Basic Math

One-variable statistics | Eighth Grade

One-Variable Statistics - Grade 8

1. Mean, Median, Mode, and Range

These are measures of central tendency and spread that help us understand and describe data.

Mean (Average):

\( \text{Mean} = \frac{\text{Sum of all values}}{\text{Number of values}} = \frac{\sum x}{n} \)

Add all values and divide by how many there are

Median (Middle Value):

  • Step 1: Arrange data in order from least to greatest
  • Step 2: Find the middle value:
    • Odd number of values: Middle value is the median
    • Even number of values: Average the two middle values

Mode (Most Frequent):

The value that appears most often in the data set

  • Can have one mode (unimodal)
  • Can have multiple modes (bimodal, multimodal)
  • Can have no mode if all values appear equally

Range (Spread):

\( \text{Range} = \text{Maximum value} - \text{Minimum value} \)

Example:

Data set: 12, 15, 18, 15, 22, 30, 15

Mean: \( \frac{12 + 15 + 18 + 15 + 22 + 30 + 15}{7} = \frac{127}{7} = 18.14 \)

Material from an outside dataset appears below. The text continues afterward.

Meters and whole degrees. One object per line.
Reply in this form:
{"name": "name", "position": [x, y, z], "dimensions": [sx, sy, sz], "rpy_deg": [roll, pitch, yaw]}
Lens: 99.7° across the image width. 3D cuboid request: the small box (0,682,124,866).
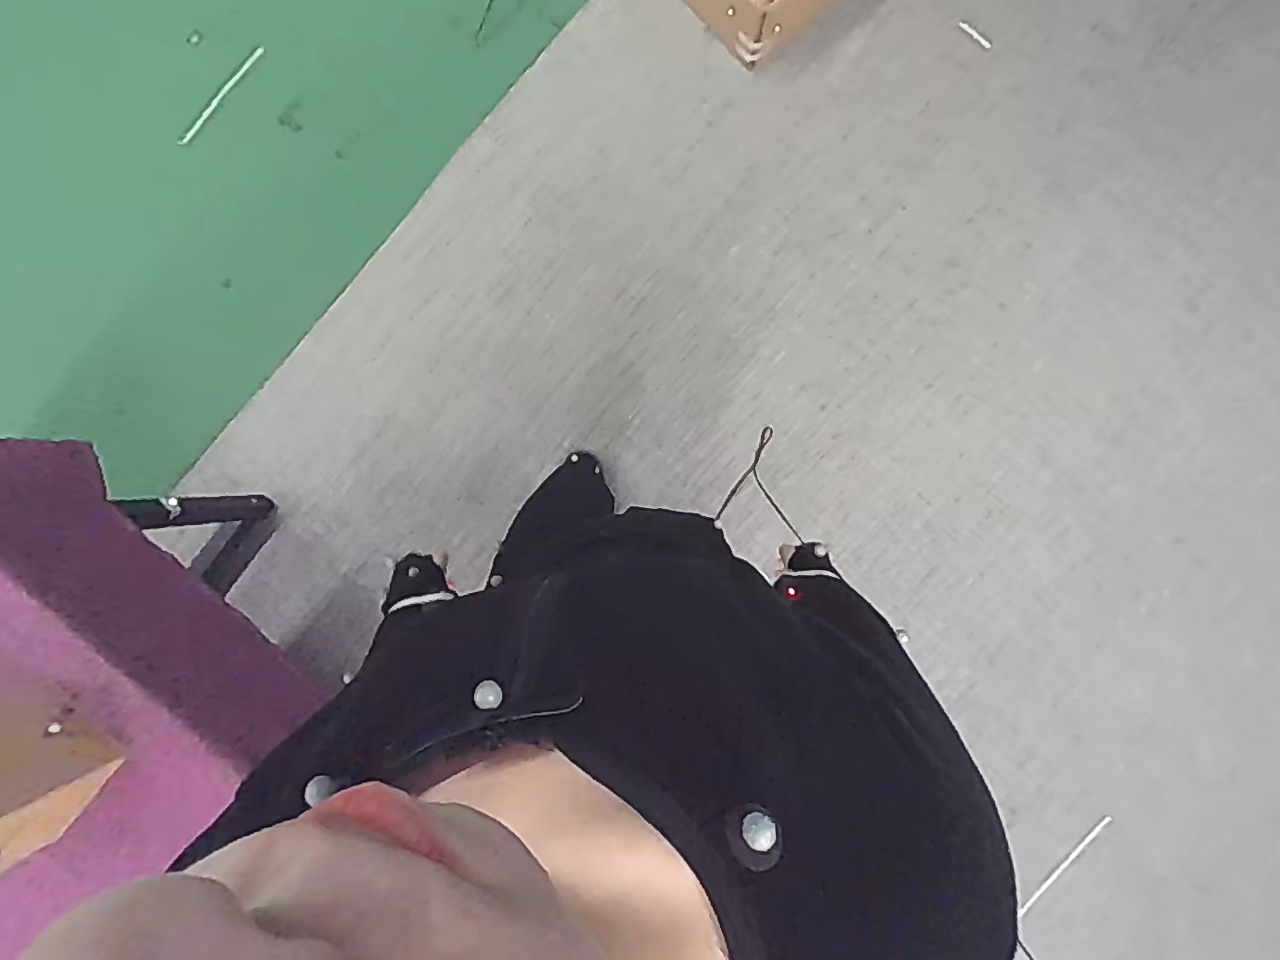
{"name": "small box", "position": [-0.877, 0.415, 0.731], "dimensions": [0.168, 0.176, 0.179], "rpy_deg": [41, 92, 1]}

Median: Order: 12, 15, 15, 15, 18, 22, 30 → Middle value = 15

Mode: 15 (appears 3 times)

Range: 30 - 12 = 18

2. Interpret Charts and Graphs

Common Chart Types:

Frequency Tables: Shows how often each value appears

  • Multiply each value by its frequency, then sum
  • Divide by total frequency to get mean

Dot Plots: Each dot represents one data point

  • Count dots at each value
  • Most dots = mode

Bar Graphs: Height of bars shows frequency

  • Read frequency from y-axis
  • Tallest bar = mode

Example: Frequency Table

ScoreFrequency
53
75
92

Mean: \( \frac{(5×3) + (7×5) + (9×2)}{3+5+2} = \frac{15+35+18}{10} = \frac{68}{10} = 6.8 \)

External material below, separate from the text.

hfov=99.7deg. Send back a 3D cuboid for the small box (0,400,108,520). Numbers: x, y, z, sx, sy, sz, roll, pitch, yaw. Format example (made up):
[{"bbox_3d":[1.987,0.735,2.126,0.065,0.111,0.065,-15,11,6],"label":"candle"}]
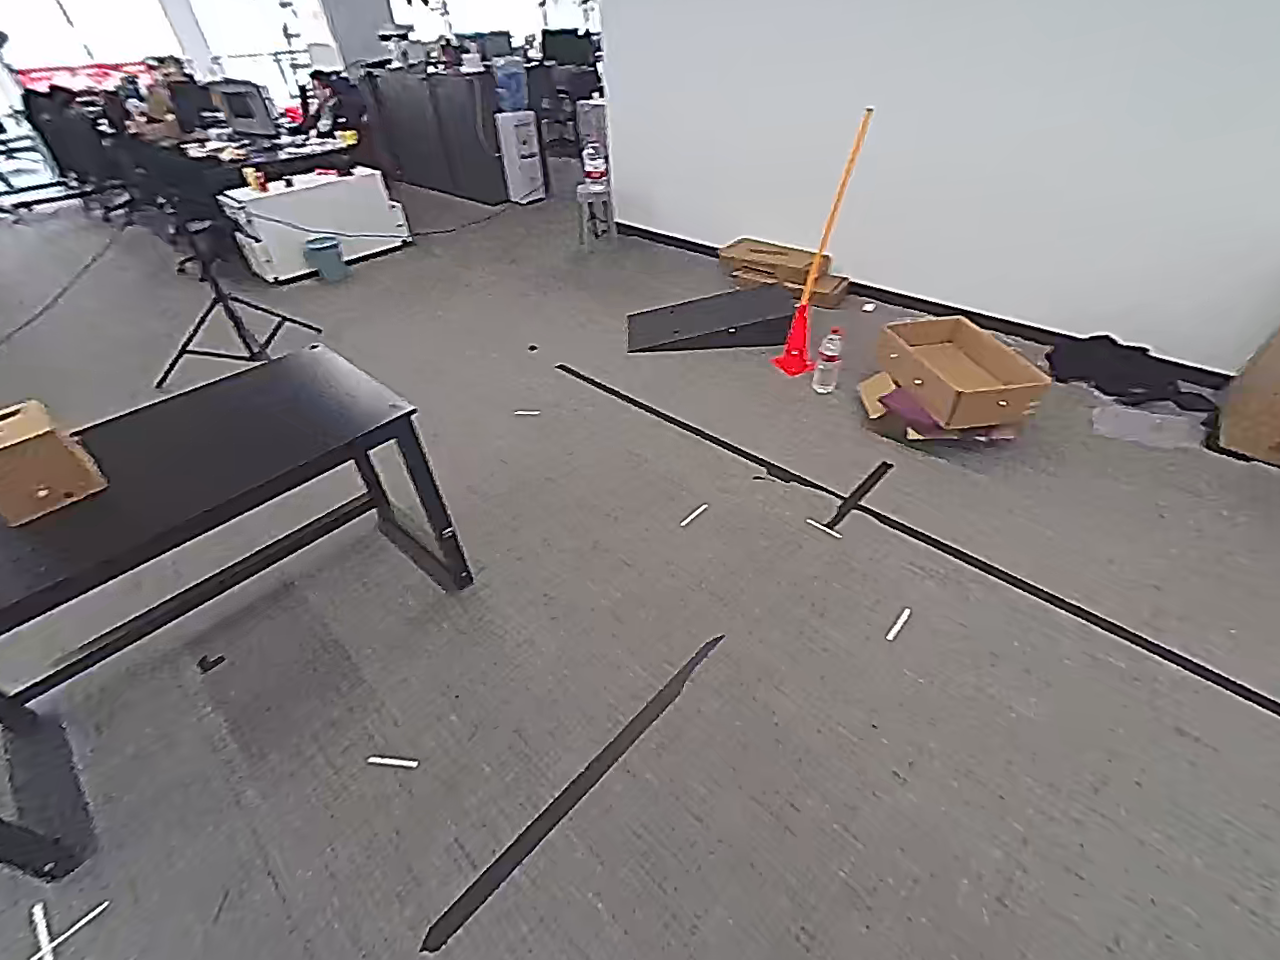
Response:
[{"bbox_3d":[-1.317,-0.043,1.167,0.179,0.176,0.168,30,50,30],"label":"small box"}]

Mode: 7 (highest frequency of 5)

3. Find the Missing Number

Strategy for Finding Missing Value:

When given the mean:

  1. Multiply mean by number of values to get total sum
  2. Subtract known values from total sum
  3. Result is the missing value

When given the median:

  1. Arrange known values in order
  2. Determine where missing value must be placed
  3. Use median position to find missing value

Example 1: Finding Missing Value (Mean)

Problem: The mean of 15, 20, x, 25 is 22. Find x.

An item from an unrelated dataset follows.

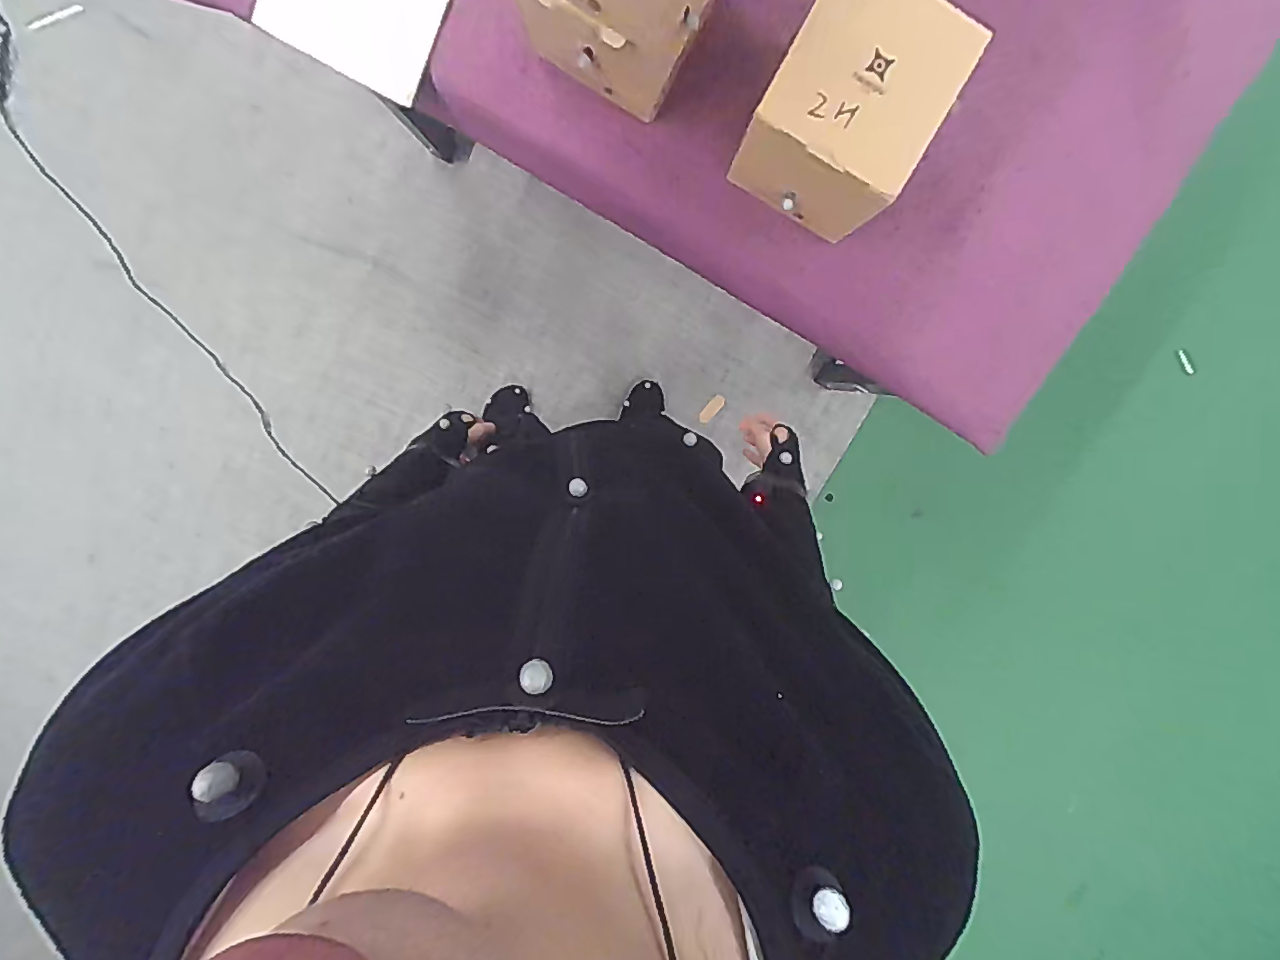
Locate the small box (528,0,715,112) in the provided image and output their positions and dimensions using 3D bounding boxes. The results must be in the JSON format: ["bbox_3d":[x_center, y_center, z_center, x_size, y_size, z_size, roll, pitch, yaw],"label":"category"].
[{"bbox_3d":[-0.011,-0.546,0.576,0.168,0.176,0.179,29,100,-7],"label":"small box"}]

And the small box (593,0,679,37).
[{"bbox_3d":[-0.013,-0.508,0.416,0.168,0.176,0.179,29,99,-6],"label":"small box"}]

Step 1: Total sum = Mean × Number of values = 22 × 4 = 88

Step 2: Sum of known values = 15 + 20 + 25 = 60

Step 3: x = 88 - 60 = 28

Answer: x = 28

Example 2: Finding Missing Value (Median)

Problem: The median of 8, 12, x, 20, 24 is 15. Find x.

Step 1: For 5 values, median is the 3rd value

Step 2: In order: 8, 12, ?, ?, ?

Step 3: The middle value must be 15, so x = 15

Answer: x = 15

4. Changes in Mean, Median, Mode, and Range

Effects of Adding/Removing a Value:

ChangeEffect on MeanEffect on MedianEffect on ModeEffect on Range
Add large valueIncreasesMay increaseMay changeIncreases
Add small valueDecreasesMay decreaseMay changeIncreases
Remove outlierChanges significantlyLittle changeMay changeDecreases

Example:

Original data: 10, 12, 15, 15, 18

Mean = 14, Median = 15, Mode = 15, Range = 8

Add 30 to the data: 10, 12, 15, 15, 18, 30

Mean = 16.67 (increased), Median = 15 (same), Mode = 15 (same), Range = 20 (increased)

Key Observations:

  • Mean is most affected by outliers
  • Median is resistant to outliers
  • Mode only changes if frequencies change
  • Range changes when min or max changes

5. Mean Absolute Deviation (MAD)

Definition: The average distance of each data point from the mean. It measures how spread out the data is.

Formula:

\( \text{MAD} = \frac{\sum |x_i - \bar{x}|}{n} \)

where \( x_i \) = each data value, \( \bar{x} \) = mean, \( n \) = number of values

Steps to Calculate MAD:

  1. Find the mean of the data set
  2. Find the absolute deviation of each value from the mean: \( |x_i - \bar{x}| \)
  3. Add all the absolute deviations
  4. Divide by the number of values

Example:

Data: 4, 8, 6, 10, 12

Step 1: Mean = \( \frac{4+8+6+10+12}{5} = \frac{40}{5} = 8 \)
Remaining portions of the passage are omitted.